Monday, July 26, 2010
On Popularity and Assless Chaps
"I wasn't very cool in high school, so sometimes I abuse this part. Do you think I'm sexy?"
-Lady Gaga
I was totally on board with Lady Gaga at the beginning. It's fun music--poppy and dirty and even funny, good to dance to and even better to yell-sing after just enough jungle juice. I actually thought the "Telephone" video was awesome--I mean, if you're going to go crazy, you should go balls-to-the-wall cracked-out batshit insane, right? And undeniably, preaching safe sex, AIDS prevention and embracing your own weirdness to an audience of millions is a good thing. But I think I've finally fallen off the Gaga wagon.
Here's the thing. I'm really, really tired of her blabbing around about how she wasn't popular in high school, and how that somehow makes her special, and I'm tired of people saying she's some kind of saint for anyone who was ever uncool. (First of all, no matter what weird Frank-Gehry-meets-David-Bowie getup she parades around in, she's still conventionally attractive. She's skinny and pretty, with nice boobs and a boatload of genuine talent. Cry me a fucking river.)
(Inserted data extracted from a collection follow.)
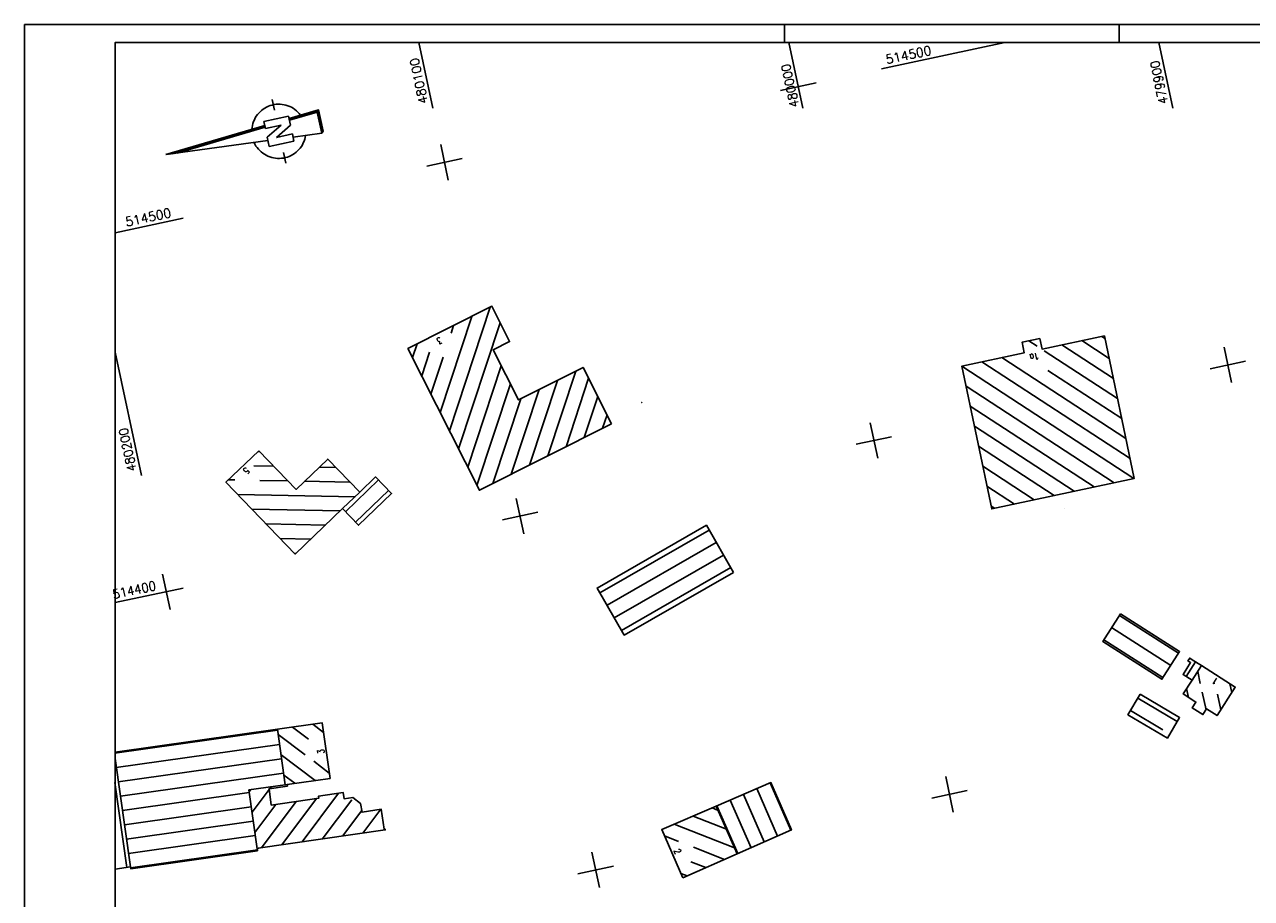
# Model space of a CAD drawing. Extents: x 4513981 to 4515116, y 5480330 to 5480924.
# Tile 2 of 11: x 4513981 to 4514320, y 5480682 to 5480924. Entities that reach past the tile are written whole.
import ezdxf

# ---------------------------------------------------------------- set-up
doc = ezdxf.new("R2010")
doc.units = 0
doc.header["$LTSCALE"] = 10
doc.header["$MEASUREMENT"] = 0
doc.linetypes.add('LT00', pattern=[0])
doc.layers.get('0').update_dxf_attribs({"linetype": 'LT00'})
for name, color, linetype in [('1401', 7, 'Continuous'), ('DFK_BEB_SCHR', 254, 'LT00'), ('DFK_BEBAUUNG', 250, 'LT00'), ('DFK_HAUS_NR', 250, 'Continuous'), ('RAHMEN', 250, 'Continuous'), ('V_RASTER', 250, 'LT00')]:
    doc.layers.add(name, color=color, linetype=linetype)
doc.styles.add('ROMANS', font='romans.shx')
doc.styles.get("Standard").update_dxf_attribs({"font": 'romans.shx', "width": 0.8})

# ---------------------------------------------------------------- blocks, each defined once
blk = doc.blocks.new('SYMB0001')
at = {"color": 0, "linetype": 'ByBlock'}
for p, q in [((-0.015712, 0), (0.010166, 0.012015)), ((0, -0.021257), (-0.015712, 0)), ((0.010166, 0.012015), (0, -0.021257))]:
    blk.add_line(p, q, dxfattribs=at)
blk = doc.blocks.new('SYMB1401')
at = {"color": 0, "linetype": 'ByBlock'}
for p, q in [((-0.397083, 0.691572), (0.022917, 6.361572)), ((0.422917, 0.691572), (0.007917, 6.159572)), ((0.432917, 0.691572), (0.012917, 6.226572)), ((0.442917, 0.691572), (0.017917, 6.293572)), ((0.022917, 6.361572), (0.452917, 0.691572)), ((0.352917, 0.691572), (-0.027083, 5.691572)), ((0.362917, 0.691572), (-0.022083, 5.758572)), ((0.372917, 0.691572), (-0.017083, 5.825572)), ((0.382917, 0.691572), (-0.012083, 5.892572)), ((0.392917, 0.691572), (-0.007083, 5.958572)), ((0.402917, 0.691572), (-0.002083, 6.025572)), ((0.412917, 0.691572), (0.002917, 6.092572)), ((-0.727083, -0.708428), (-0.727083, 0.691572)), ((-0.727083, 0.691572), (-0.217083, 0.691572)), ((0.272917, -0.198428), (-0.217083, 0.691572)), ((0.272917, -0.198428), (0.272917, 0.691572)), ((0.672917, 0.691572), (0.272917, 0.691572)), ((0.672917, 0.691572), (0.672917, -0.708428)), ((0.162917, -0.708428), (-0.327083, 0.181572)), ((-0.327083, 0.181572), (-0.327083, -0.708428)), ((-1.827083, -0.008428), (-1.227083, -0.008428)), ((1.172916, -0.008428), (1.772917, -0.008428)), ((-0.327083, -0.708428), (-0.727083, -0.708428)), ((-0.507083, -0.708428), (-0.627083, -2.308428)), ((0.672917, -0.708428), (0.162917, -0.708428)), ((0.572917, -2.308428), (0.452917, -0.708428)), ((0.582916, -2.318428), (0.462917, -0.708428)), ((0.682917, -2.408428), (0.552917, -0.708428)), ((-0.627083, -2.308428), (0.572917, -2.308428)), ((-0.617083, -2.318428), (0.582916, -2.318428))]:
    blk.add_line(p, q, dxfattribs=at)
for points in [[(-1.526069, -0.059916), (-1.526094, 0.050035), (-1.518071, 0.159693), (-1.502041, 0.268469), (-1.47809, 0.37578), (-1.446348, 0.481049), (-1.406984, 0.583712), (-1.360209, 0.683217), (-1.306276, 0.779032), (-1.245473, 0.87064), (-1.178126, 0.957552), (-1.104597, 1.0393), (-1.025281, 1.115445), (-0.940603, 1.185579), (-0.851018, 1.249326), (-0.757006, 1.306344), (-0.659072, 1.356326), (-0.557742, 1.399004), (-0.45356, 1.434149), (-0.347084, 1.461573)], [(0.392916, 1.431572), (0.497466, 1.396917), (0.599189, 1.354678), (0.697537, 1.305084), (0.791977, 1.248403), (0.882001, 1.184941), (0.967121, 1.11504), (1.04688, 1.039078), (1.120846, 0.957464), (1.18862, 0.87064), (1.249835, 0.779074), (1.304163, 0.68326), (1.351308, 0.583716), (1.391017, 0.480979), (1.423076, 0.375604), (1.44731, 0.268159), (1.463591, 0.159225), (1.471828, 0.049389), (1.471979, -0.060755)], [(-0.557083, -1.408428), (-0.658433, -1.365798), (-0.75639, -1.315862), (-0.850428, -1.258889), (-0.940044, -1.195184), (-1.024754, -1.125089), (-1.104106, -1.048981), (-1.177673, -0.967268), (-1.245061, -0.880388), (-1.305907, -0.788808), (-1.359886, -0.693019), (-1.406707, -0.593536), (-1.446119, -0.490891), (-1.477911, -0.385637), (-1.501912, -0.278338), (-1.517993, -0.169569), (-1.526069, -0.059916)], [(1.471979, -0.060755), (1.464042, -0.170612), (1.44806, -0.279591), (1.42412, -0.387102), (1.39235, -0.492564), (1.352922, -0.59541), (1.30605, -0.695083), (1.251985, -0.791045), (1.19102, -0.882778), (1.123485, -0.969787), (1.049743, -1.051603), (0.970192, -1.127784), (0.885263, -1.197918), (0.795414, -1.261626), (0.701129, -1.318565), (0.602918, -1.368428)], [(-0.607083, -2.328428), (0.592916, -2.328428), (0.472917, -0.708428)], [(-0.597083, -2.338428), (0.602917, -2.338428), (0.482917, -0.708428)], [(-0.587083, -2.348428), (0.612917, -2.348428), (0.492917, -0.708428)], [(-0.577083, -2.358428), (0.622917, -2.358428), (0.502917, -0.708428)], [(-0.567083, -2.368428), (0.632917, -2.368428), (0.512917, -0.708428)], [(-0.557083, -2.378428), (0.642917, -2.378428), (0.522917, -0.708428)], [(-0.547083, -2.388428), (0.652917, -2.388428), (0.532917, -0.708428)], [(-0.537083, -2.398428), (0.662917, -2.398428), (0.542917, -0.708428)], [(-0.532084, -2.403428), (0.672917, -2.403428), (0.547917, -0.708428)], [(-0.627083, -2.308428), (-0.527083, -2.408428), (0.682917, -2.408428)]]:
    blk.add_lwpolyline(points, dxfattribs=at)

msp = doc.modelspace()

# ---------------------------------------------------------------- linework, layer by layer
at = {"layer": 'DFK_BEB_SCHR'}
for p, q in [((4514109.29, 5480845.54), (4514098.02, 5480811.38)), ((4514095.47, 5480816.43), (4514104.24, 5480842.99)), ((4514099.18, 5480840.44), (4514098.49, 5480838.33)), ((4514100.56, 5480806.33), (4514112.07, 5480841.2)), ((4514112.05, 5480841.15), (4514112.07, 5480841.2)), ((4514278.29, 5480837.46), (4514279.18, 5480836.88)), ((4514089.08, 5480835.35), (4514087.84, 5480831.6)), ((4514090.39, 5480826.54), (4514092.55, 5480833.1)), ((4514114.6, 5480836.12), (4514114.56, 5480835.99)), ((4514260.44, 5480834.77), (4514258.19, 5480836.24)), ((4514282.67, 5480820.27), (4514262.4, 5480833.5)), ((4514267.25, 5480835.11), (4514281.51, 5480825.8)), ((4514280.35, 5480831.34), (4514272.77, 5480836.28)), ((4514096.31, 5480831.75), (4514092.93, 5480821.49)), ((4514245.17, 5480830.41), (4514286.17, 5480803.66)), ((4514285, 5480809.2), (4514250.69, 5480831.59)), ((4514112.37, 5480829.33), (4514103.11, 5480801.27)), ((4514125.21, 5480804.42), (4514132.94, 5480827.86)), ((4514287.22, 5480798.19), (4514239.66, 5480829.23)), ((4514263.43, 5480828.05), (4514283.84, 5480814.73)), ((4514105.65, 5480796.22), (4514114.91, 5480824.29)), ((4514127.88, 5480825.3), (4514120.16, 5480801.87)), ((4514136.5, 5480825.89), (4514130.26, 5480806.96)), ((4514240.81, 5480823.7), (4514281.71, 5480797.01)), ((4514117.78, 5480820.19), (4514110.05, 5480796.78)), ((4514115.1, 5480799.33), (4514122.83, 5480822.75)), ((4514135.31, 5480809.51), (4514139.05, 5480820.85)), ((4514276.2, 5480795.84), (4514241.97, 5480818.17)), ((4514141.6, 5480815.8), (4514140.36, 5480812.05)), ((4514243.13, 5480812.64), (4514270.69, 5480794.66)), ((4514265.17, 5480793.48), (4514244.28, 5480807.11)), ((4514045.53, 5480805.66), (4514045.16, 5480805.67)), ((4514043.96, 5480801.69), (4514049.45, 5480801.59)), ((4514062.13, 5480801.34), (4514066.62, 5480801.25)), ((4514245.44, 5480801.58), (4514259.66, 5480792.3)), ((4514038.71, 5480797.8), (4514036.99, 5480797.83)), ((4514053.37, 5480797.51), (4514045.62, 5480797.66)), ((4514070.54, 5480797.17), (4514058.02, 5480797.42)), ((4514078.45, 5480797.76), (4514069.31, 5480789)), ((4514254.15, 5480791.12), (4514246.59, 5480796.05)), ((4514039.52, 5480793.78), (4514071.95, 5480793.14)), ((4514072.08, 5480786.11), (4514081.23, 5480794.88)), ((4514067.86, 5480789.22), (4514043.44, 5480789.7)), ((4514247.75, 5480790.52), (4514248.64, 5480789.94)), ((4514047.36, 5480785.62), (4514063.76, 5480785.3)), ((4514169.8, 5480783.93), (4514139.58, 5480766.58)), ((4514059.67, 5480781.38), (4514051.28, 5480781.55)), ((4514141.58, 5480763.12), (4514171.79, 5480780.46)), ((4514055.2, 5480777.47), (4514055.58, 5480777.46)), ((4514173.78, 5480776.99), (4514143.58, 5480759.66)), ((4514145.58, 5480756.19), (4514175.77, 5480773.53)), ((4514283.17, 5480760.34), (4514299.54, 5480749.89)), ((4514297.39, 5480746.52), (4514281.02, 5480756.97)), ((4514278.87, 5480753.6), (4514295.23, 5480743.15)), ((4514304.24, 5480747.5), (4514301.63, 5480743.45)), ((4514305.55, 5480741.49), (4514304.83, 5480744.84)), ((4514301.76, 5480740.08), (4514302.28, 5480737.68)), ((4514307.12, 5480734.2), (4514306.06, 5480739.11)), ((4514310.27, 5480738.58), (4514311.2, 5480734.22)), ((4514314.26, 5480739.02), (4514313.74, 5480741.43)), ((4514299.15, 5480730.96), (4514288.25, 5480737.44)), ((4514286.21, 5480734), (4514295.15, 5480728.69)), ((4514050.56, 5480728.62), (4514005.56, 5480722.25)), ((4514054.65, 5480729.46), (4514059.05, 5480726.13)), ((4514063.27, 5480727.96), (4514060.24, 5480730.25)), ((4514005.96, 5480718.27), (4514051.11, 5480724.66)), ((4514058.13, 5480721.82), (4514050.73, 5480727.41)), ((4514051.51, 5480721.8), (4514060.93, 5480714.7)), ((4514051.66, 5480720.7), (4514006.52, 5480714.31)), ((4514064.84, 5480716.76), (4514060.53, 5480720.01)), ((4514007.09, 5480710.35), (4514052.22, 5480716.74)), ((4514055.33, 5480713.91), (4514052.29, 5480716.2)), ((4514008.89, 5480690.65), (4514005.56, 5480714.14)), ((4514042.71, 5480711.35), (4514007.65, 5480706.39)), ((4514043.15, 5480712.19), (4514042.68, 5480711.56)), ((4514043.47, 5480705.96), (4514048.19, 5480712.24)), ((4514048.36, 5480712.46), (4514048.75, 5480712.98)), ((4514057.29, 5480697.71), (4514067.4, 5480711.16)), ((4514183, 5480712.44), (4514188.71, 5480699.33)), ((4514192.37, 5480700.94), (4514186.68, 5480714.02)), ((4514050.07, 5480708.09), (4514044.26, 5480700.36)), ((4514046.06, 5480696.1), (4514055.69, 5480708.9)), ((4514061.31, 5480709.72), (4514051.67, 5480696.91)), ((4514071.06, 5480709.38), (4514062.9, 5480698.52)), ((4514177.72, 5480694.5), (4514171.97, 5480707.7)), ((4514175.65, 5480709.28), (4514181.38, 5480696.11)), ((4514185.04, 5480697.72), (4514179.33, 5480710.86)), ((4514008.21, 5480702.43), (4514043.27, 5480707.39)), ((4514068.51, 5480699.33), (4514073.8, 5480706.37)), ((4514079.09, 5480706.74), (4514074.12, 5480700.13)), ((4514165.38, 5480704.87), (4514174.56, 5480701.26)), ((4514172.3, 5480706.44), (4514170.6, 5480707.11)), ((4514043.83, 5480703.43), (4514008.77, 5480698.47)), ((4514079.73, 5480700.94), (4514079.98, 5480701.27)), ((4514176.82, 5480696.07), (4514160.16, 5480702.62)), ((4514009.34, 5480694.51), (4514044.39, 5480699.47)), ((4514157.49, 5480699.37), (4514161.35, 5480697.86)), ((4514044.95, 5480695.51), (4514009.9, 5480690.55)), ((4514165.52, 5480696.22), (4514174.02, 5480692.88)), ((4514168.86, 5480690.61), (4514164.79, 5480692.21)), ((4514162.01, 5480689), (4514163.7, 5480688.34))]:
    msp.add_line(p, q, dxfattribs=at)
at = {"layer": 'DFK_BEBAUUNG'}
for points in [[(4514142.86, 5480813.31), (4514106.32, 5480794.9), (4514086.58, 5480834.09), (4514109.78, 5480845.79), (4514114.65, 5480836.03), (4514110.13, 5480833.77), (4514117.14, 5480819.87), (4514134.99, 5480828.89), (4514142.86, 5480813.31)], [(4514279.03, 5480837.61), (4514287.31, 5480798.21), (4514247.9, 5480789.78), (4514239.66, 5480829.23), (4514256.9, 5480832.91), (4514256.27, 5480835.85), (4514261.17, 5480836.86), (4514261.81, 5480833.95), (4514279.03, 5480837.61)], [(4514045.34, 5480805.85), (4514055.64, 5480795.15), (4514064.42, 5480803.53), (4514073.24, 5480794.38), (4514068.5, 5480789.84), (4514055.39, 5480777.28), (4514036.28, 5480797.15), (4514045.34, 5480805.85)], [(4514068.5, 5480789.84), (4514073.24, 5480794.38), (4514077.64, 5480798.61), (4514082.03, 5480794.04), (4514072.89, 5480785.26), (4514068.5, 5480789.84)], [(4514176.53, 5480772.21), (4514146.34, 5480754.88), (4514138.82, 5480767.9), (4514169.05, 5480785.25), (4514176.53, 5480772.21)], [(4514283.46, 5480760.78), (4514299.82, 5480750.33), (4514294.95, 5480742.7), (4514278.58, 5480753.15), (4514283.46, 5480760.78)], [(4514305.88, 5480746.46), (4514303.26, 5480742.41), (4514300.79, 5480743.98), (4514302.85, 5480747.27), (4514302.12, 5480747.75), (4514302.62, 5480748.54), (4514303.34, 5480748.08), (4514305.88, 5480746.46)], [(4514303.26, 5480742.41), (4514305.88, 5480746.46), (4514315.21, 5480740.5), (4514310.19, 5480732.64), (4514307.3, 5480734.48), (4514306.29, 5480732.92), (4514303.33, 5480734.76), (4514304.35, 5480736.36), (4514300.81, 5480738.62), (4514303.26, 5480742.41)], [(4514288.92, 5480738.56), (4514299.81, 5480732.09), (4514296.44, 5480726.4), (4514285.54, 5480732.88), (4514288.92, 5480738.56)], [(4514005.61, 5480722.51), (4514050.52, 5480728.87), (4514052.67, 5480713.53), (4514042.6, 5480712.11), (4514044.9, 5480695.83), (4514044.99, 5480695.26)], [(4514052.67, 5480713.53), (4514050.52, 5480728.87), (4514062.9, 5480730.63), (4514065.04, 5480715.28), (4514053.19, 5480713.61), (4514052.67, 5480713.53)], [(4514044.99, 5480695.26), (4514009.94, 5480690.29), (4514009.86, 5480690.79), (4514005.61, 5480720.75)], [(4514005.61, 5480720.75), (4514009.86, 5480690.79), (4514005.61, 5480690.18)], [(4514042.6, 5480712.11), (4514052.67, 5480713.53), (4514053.19, 5480713.61), (4514053.25, 5480713.15), (4514048.17, 5480712.43), (4514048.8, 5480707.9), (4514061.96, 5480709.81), (4514061.88, 5480710.38), (4514068.71, 5480711.35), (4514068.93, 5480709.66), (4514071.3, 5480709.97), (4514073.44, 5480708.37), (4514073.89, 5480705.92), (4514079.19, 5480706.76), (4514079.99, 5480701.22), (4514080.26, 5480701.27), (4514080.28, 5480701.02), (4514045.17, 5480695.97), (4514045.18, 5480695.87), (4514044.9, 5480695.83), (4514042.6, 5480712.11)], [(4514177.54, 5480694.42), (4514171.79, 5480707.62), (4514186.86, 5480714.1), (4514192.55, 5480701.02), (4514177.54, 5480694.42)], [(4514162.52, 5480687.82), (4514156.72, 5480701.14), (4514171.79, 5480707.62), (4514177.54, 5480694.42), (4514162.52, 5480687.82)]]:
    msp.add_lwpolyline(points, dxfattribs=at)
at = {"layer": 'RAHMEN'}
for p, q in [((4514190.61, 5480923.65), (4514190.61, 5480918.65)), ((4514283.11, 5480923.65), (4514283.11, 5480918.65))]:
    msp.add_line(p, q, dxfattribs=at)
for points in [[(4513980.61, 5480329.65), (4515115.61, 5480329.65), (4515115.61, 5480923.65), (4513980.61, 5480923.65), (4513980.61, 5480329.65)], [(4514005.61, 5480334.65), (4514930.61, 5480334.65), (4514930.61, 5480918.65), (4514005.61, 5480918.65), (4514005.61, 5480334.65)]]:
    msp.add_lwpolyline(points, dxfattribs=at)
at = {"layer": 'V_RASTER'}
for p, q in [((4514093.46, 5480900.56), (4514089.59, 5480918.65)), ((4514191.85, 5480918.65), (4514195.72, 5480900.56)), ((4514251.51, 5480918.65), (4514217.4, 5480911.36)), ((4514297.97, 5480900.56), (4514294.11, 5480918.65)), ((4514199.34, 5480907.5), (4514189.56, 5480905.41)), ((4514097.71, 5480880.67), (4514095.62, 5480890.45)), ((4514101.55, 5480886.61), (4514091.77, 5480884.52)), ((4514024.43, 5480870.13), (4514005.61, 5480866.11)), ((4514005.61, 5480833.13), (4514012.9, 5480799.02)), ((4514314.19, 5480824.67), (4514312.1, 5480834.45)), ((4514308.25, 5480828.52), (4514318.03, 5480830.61)), ((4514214.31, 5480813.55), (4514216.39, 5480803.78)), ((4514210.46, 5480807.62), (4514220.24, 5480809.71)), ((4514118.6, 5480782.88), (4514116.51, 5480792.66)), ((4514112.67, 5480786.73), (4514122.45, 5480788.82)), ((4514018.72, 5480771.76), (4514020.81, 5480761.99)), ((4514005.61, 5480763.85), (4514024.43, 5480767.87)), ((4514235.2, 5480715.76), (4514237.29, 5480705.98)), ((4514241.13, 5480711.92), (4514231.35, 5480709.83)), ((4514139.5, 5480685.09), (4514137.41, 5480694.87)), ((4514143.34, 5480691.02), (4514133.56, 5480688.93))]:
    msp.add_line(p, q, dxfattribs=at)

# ---------------------------------------------------------------- block references
at = {"layer": '1401', "xscale": 5.000000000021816, "yscale": 5.000000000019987, "zscale": 5, "rotation": 102.0595899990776}
msp.add_blockref('SYMB1401', (4514050.83, 5480894.26), dxfattribs=at)
at = {"layer": 'DFK_BEBAUUNG'}
for p, rotation in [((4514151.17, 5480819.14), 116.619779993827), ((4514268, 5480789.91), 102.0595900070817)]:
    msp.add_blockref('SYMB0001', p, dxfattribs=dict(at, rotation=rotation))

# ---------------------------------------------------------------- texts
at = {"layer": 'DFK_HAUS_NR', "style": 'ROMANS', "width": 0.8}
for s, rotation, p in [('3', 206.7558, (4514095.41, 5480837.34)), ('1a', 192.0198, (4514260.67, 5480832.98)), ('5', 223.8526, (4514041.73, 5480801.41)), ('1', 147.4263, (4514310.67, 5480742.57)), ('3', 97.4239, (4514063.52, 5480722.21)), ('2', 293.5343, (4514160.02, 5480695.31))]:
    msp.add_text(s, height=1.8, rotation=rotation, dxfattribs=at).set_placement(p)
at = {"layer": 'V_RASTER'}
for s, rotation, width, p in [(' 514500', 12.0596, 0.998, (4514217.2, 5480912.34)), (' 480100', 102.0596, 0.998, (4514092.48, 5480900.35)), (' 479900', 102.0596, 0.948, (4514296.99, 5480900.35)), (' 480000', 102.0596, 0.944, (4514195.01, 5480899.48)), (' 514500', 12.0596, 0.998, (4514007.11, 5480867.45)), (' 480200', 102.0596, 0.948, (4514011.92, 5480798.81)), (' 514400', 12.0596, 0.95, (4514003.61, 5480764.51))]:
    msp.add_text(s, height=2.5, rotation=rotation, dxfattribs=dict(at, width=width)).set_placement(p)

doc.saveas('drawing.dxf')

My high school years weren't terrible, but I think that was because I kept a fairly healthy perspective that it was, well, just high school. Yes, I had friends, played a sport, got a prom date...all the things that equal social success in high school, but I was uncool. I was homeschooled until eighth grade. I played the viola. (Playing an instrument-besides the guitar, of course- is social suicide enough, but any instrument that you have to explain is doubly so.) I went to exactly one football game. Sure, high school slights can feel like the end of the world when they're happening to you--but most of us graduate, grow up and move the fuck on.
Having been unpopular in high school is simply not the basis for an artistic career, despite the sucess of Johns Hughes and Cusack. True, no good art ever came from kids who sat at the right lunch table. But do you remember how many people sat at the right lunch table? About twelve. The rest of us were frizzy-haired, brace-faced, pimply, awkward kids who played the bassoon and wore the wrong brand of jeans and were too smart or too dumb or too fat or too skinny--and you know what? We survived. Some creative people like to cling to some of that adolescent angst, talking about how misunderstood they are. However, there's a very important distinction between talking about how misunderstood you are and actually making art that is misunderstood. And I'm sorry, but "Love Games" is not Nude Descending a Staircase.
Gaga can really sing, and she's a breath of fresh air in a world of Britneys and Jessicas. But if life is high school, she's not the real outcast. That kid--in this analogy maybe David Foster Wallace, or Steve McQueen--is quietly sitting in the back of the classroom. Meanwhile Lady Gaga is trying--obviously, desperately--to look like that outcast, only with more sparkles and pleather and a set list of good but decidedly conventional pop songs about getting drunk and making out with boys. She's trying to style herself as a misfit, because she thinks "real artists" are supposed to be outcasts. But bitching about how nobody thought you were pretty in high school is not art--and it's pretty damn boring.